Lake database

The lake database in Azure Synapse Analytics enables customers to bring together database design, meta information about the data that is stored and a possibility to describe how and where the data should be stored. Lake database addresses the challenge of today's data lakes where it is hard to understand how data is structured.

Lake database overview

Database designer

The new database designer in Synapse Studio gives you the possibility to create a data model for your lake database and add additional information to it. Every Entity and Attribute can be described to provide more information about the model, which not only contains Entities but relationships as well. In particular, the inability to model relationships has been a challenge for the interaction on the data lake. This challenge is now addressed with an integrated designer that provides possibilities that have been available in databases but not on the lake. Also the capability to add descriptions and possible demo values to the model allows people who are interacting with it in the future to have information where they need it to get a better understanding about the data.

Note

The maximum size of metadata in a lake database is 10 GB. Attempting to publish or update a model that exceeds 10 GB in size will fail. To resolve this issue, reduce the model size by removing tables and columns. Consider splitting large models into multiple lake databases to avoid this limit.

Data storage

Lake databases use a data lake on the Azure Storage account to store the data of the database. The data can be stored in Parquet, Delta or CSV format and different settings can be used to optimize the storage. Every lake database uses a linked service to define the location of the root data folder. For every entity, separate folders are created by default within this database folder on the data lake. By default all tables within a lake database use the same format but the formats and location of the data can be changed per entity if that is requested.

Note

Publishing a lake database does not create any of the underlying structures or schemas needed to query the data in Spark or SQL. After publishing, load data into your lake database using pipelines to begin querying it.

Currently, Delta format support for lake databases is not supported in Synapse Studio.
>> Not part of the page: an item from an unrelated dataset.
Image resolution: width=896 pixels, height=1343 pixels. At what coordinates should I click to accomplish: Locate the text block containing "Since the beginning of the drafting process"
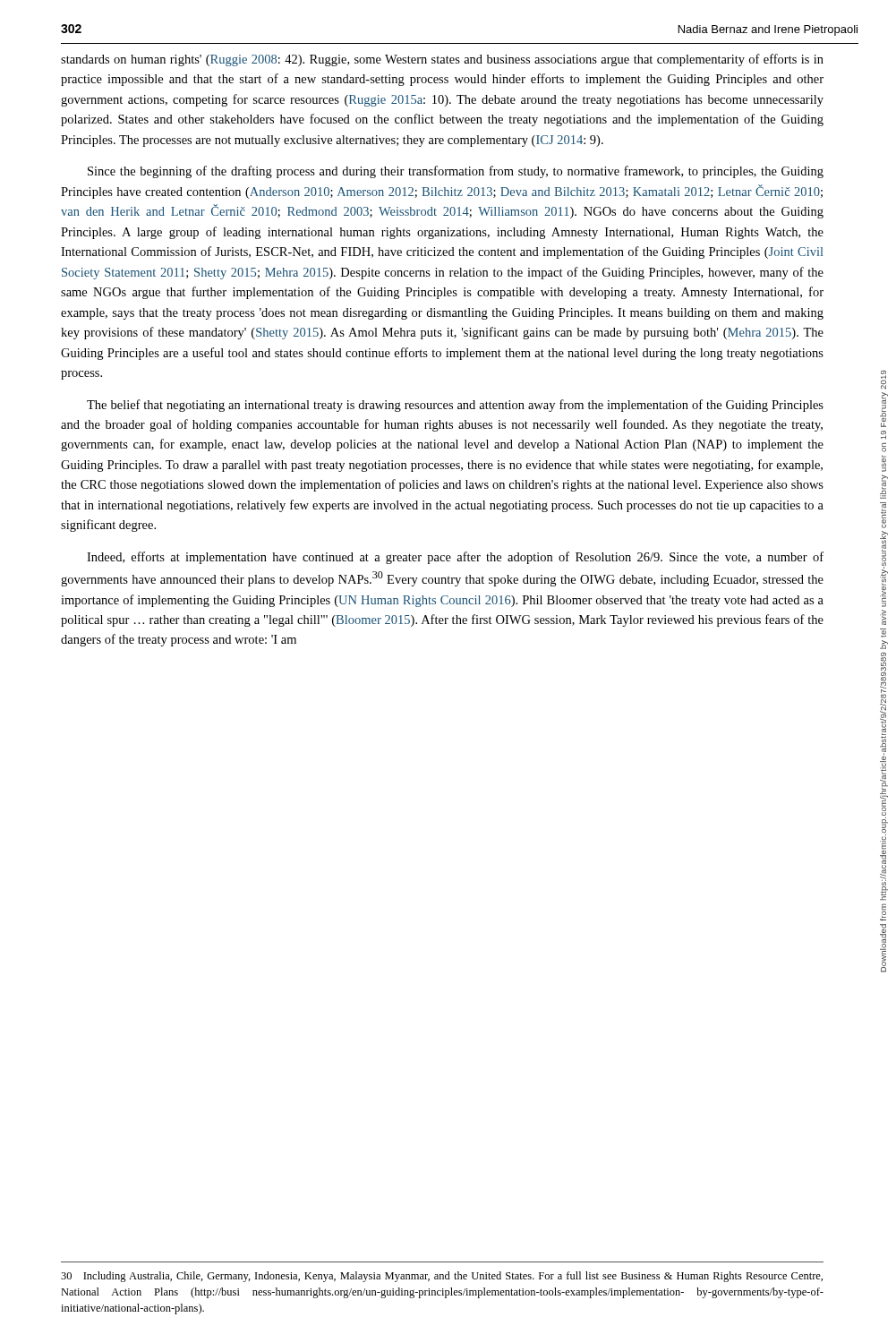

The synchronization of lake database objects between storage and Synapse is one-directional. Be sure to perform any creation or schema modification of lake database objects using the database designer in Synapse Studio. If you instead make such changes from Spark or directly in storage, the definitions of your lake databases will become out of sync. If this happens, you may see old lake database definitions in the database designer. You will need to replicate and publish such changes in the database designer in order to bring your lake databases back in sync.

Database compute

The lake database is exposed in Synapse SQL serverless SQL pool and Apache Spark providing users with the capability to decouple storage from compute. The metadata that is associated with the lake database makes it easy for different compute engines to not only provide an integrated experience but also use additional information (for example, relationships) that was not originally supported on the data lake.